Athos marcha dans la direction indiquée et atteignit le faubourg situé à l’extrémité de la ville opposée à celle par laquelle lui et ses compagnons étaient entrés. Là, il parut de nouveau inquiet et embarrassé, et s’arrêta pour la troisième fois.

Heureusement un mendiant passa, qui s’approcha d’Athos pour lui demander l’aumône. Athos lui proposa un écu pour l’accompagner où il allait. Le mendiant hésita un instant, mais à la vue de la pièce d’argent qui brillait dans l’obscurité il se décida et marcha devant Athos.

Arrivé à l’angle d’une rue, il lui montra de loin une petite maison isolée, solitaire, triste ; Athos s’en approcha, tandis que le mendiant, qui avait reçu son salaire, s’en éloignait à toutes jambes.

Athos en fit le tour, avant de distinguer la porte au milieu de la couleur rougeâtre dont cette maison était peinte. Aucune lumière ne paraissait à travers les gerçures des contrevents, aucun bruit ne pouvait faire supposer qu’elle fût habitée ; elle était sombre et muette comme un tombeau.

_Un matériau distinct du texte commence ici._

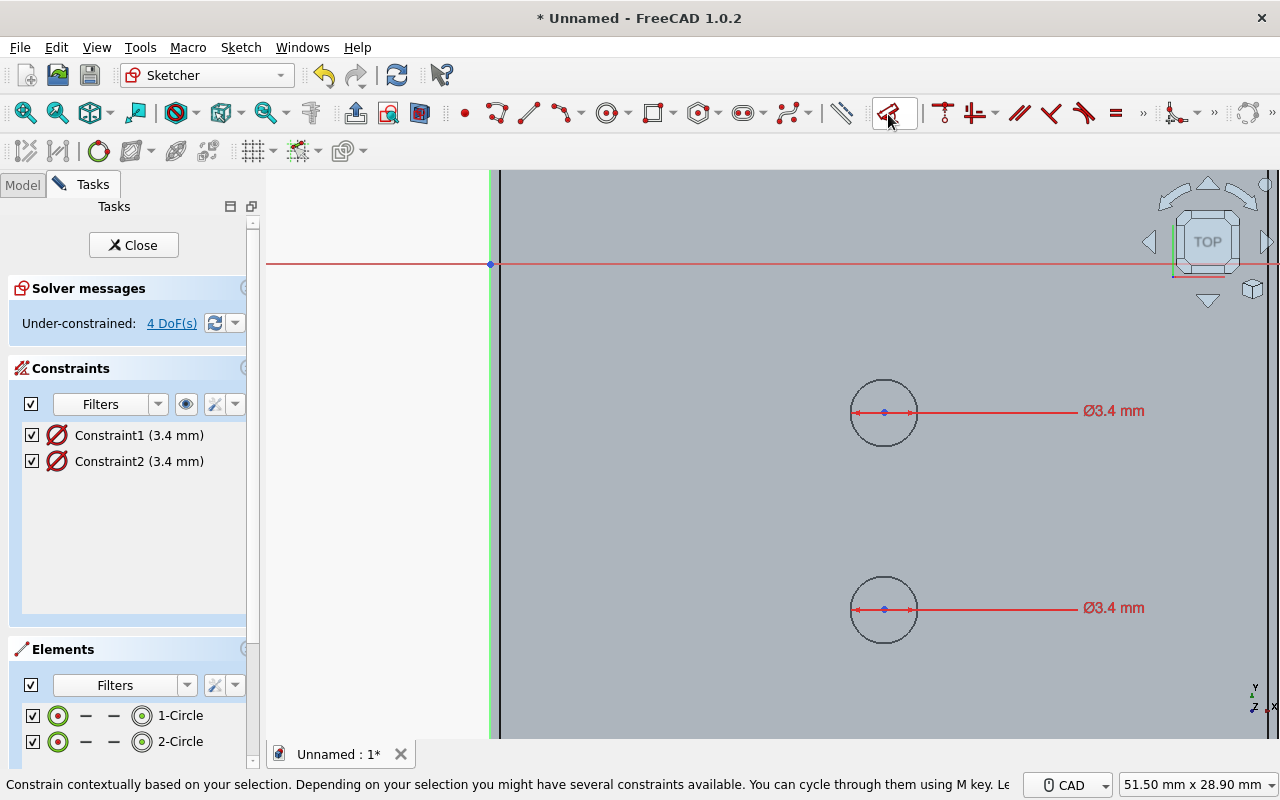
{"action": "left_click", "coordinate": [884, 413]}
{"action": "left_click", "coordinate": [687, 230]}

Trois fois Athos frappa sans qu’on lui répondît. Au troisième coup, cependant, des pas intérieurs se rapprochèrent ; enfin la porte s’entrouvit, et un homme de haute taille, au teint pâle, aux cheveux et à la barbe noire, parut.

Athos et lui échangèrent quelques mots à voix basse, puis l’homme à la haute taille fit signe au mousquetaire qu’il pouvait entrer. Athos profita à l’instant même de la permission, et la porte se referma derrière lui.

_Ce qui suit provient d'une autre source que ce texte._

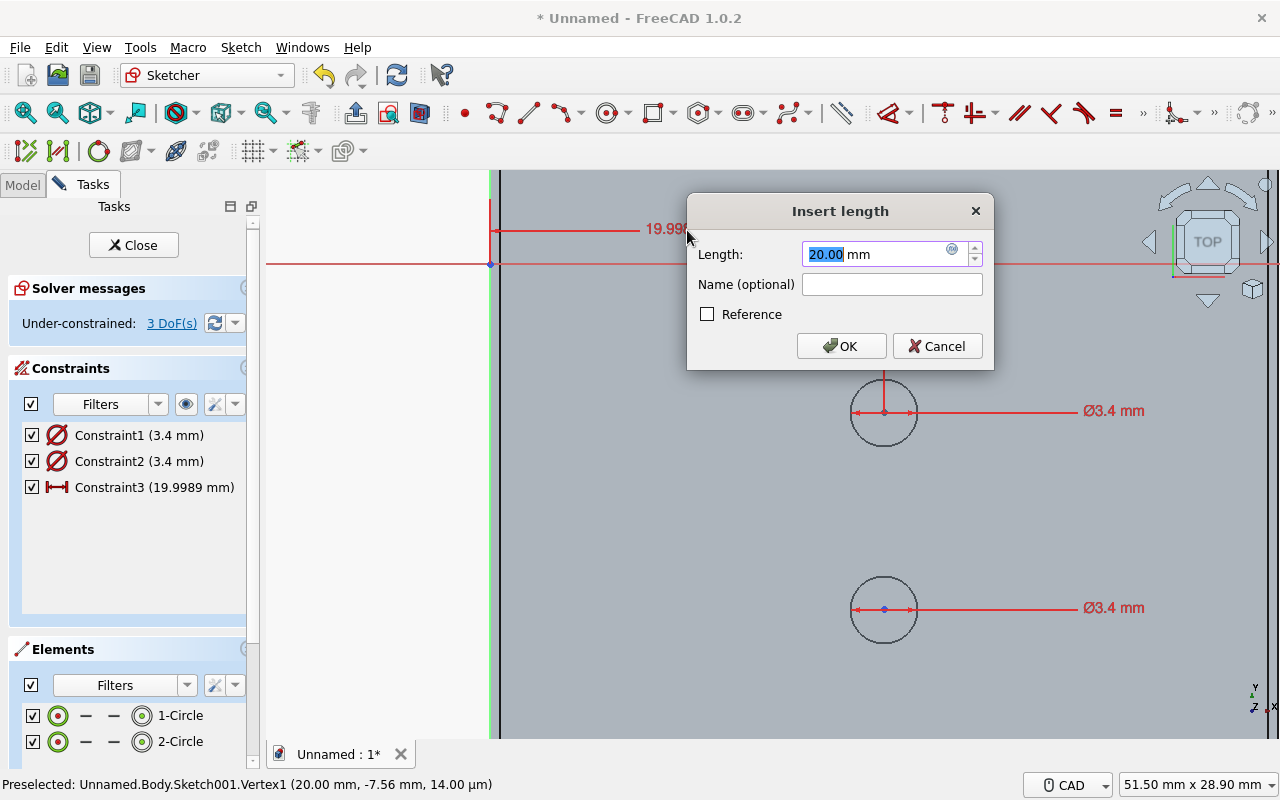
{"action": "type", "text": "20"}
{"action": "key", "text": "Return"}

L’homme qu’Athos était venu chercher si loin et qu’il avait trouvé avec tant de peine, le fit entrer dans son laboratoire où il était occupé à retenir avec des fils de fer les os cliquetants d’un squelette. Tout le corps était déjà rajusté : la tête seule était posée sur une table.

Tout le reste de l’ameublement indiquait que celui chez lequel on se trouvait s’occupait de sciences naturelles ; il y avait des bocaux pleins de serpents, étiquetés selon les espèces ; des lézards desséchés reluisaient, comme des émeraudes taillées, dans de grands cadres de bois noir. Enfin, des bottes d’herbes sauvages, odoriférantes et sans doute douées de vertus inconnues au vulgaire des hommes, étaient attachées au plafond et descendaient dans les angles de l’appartement.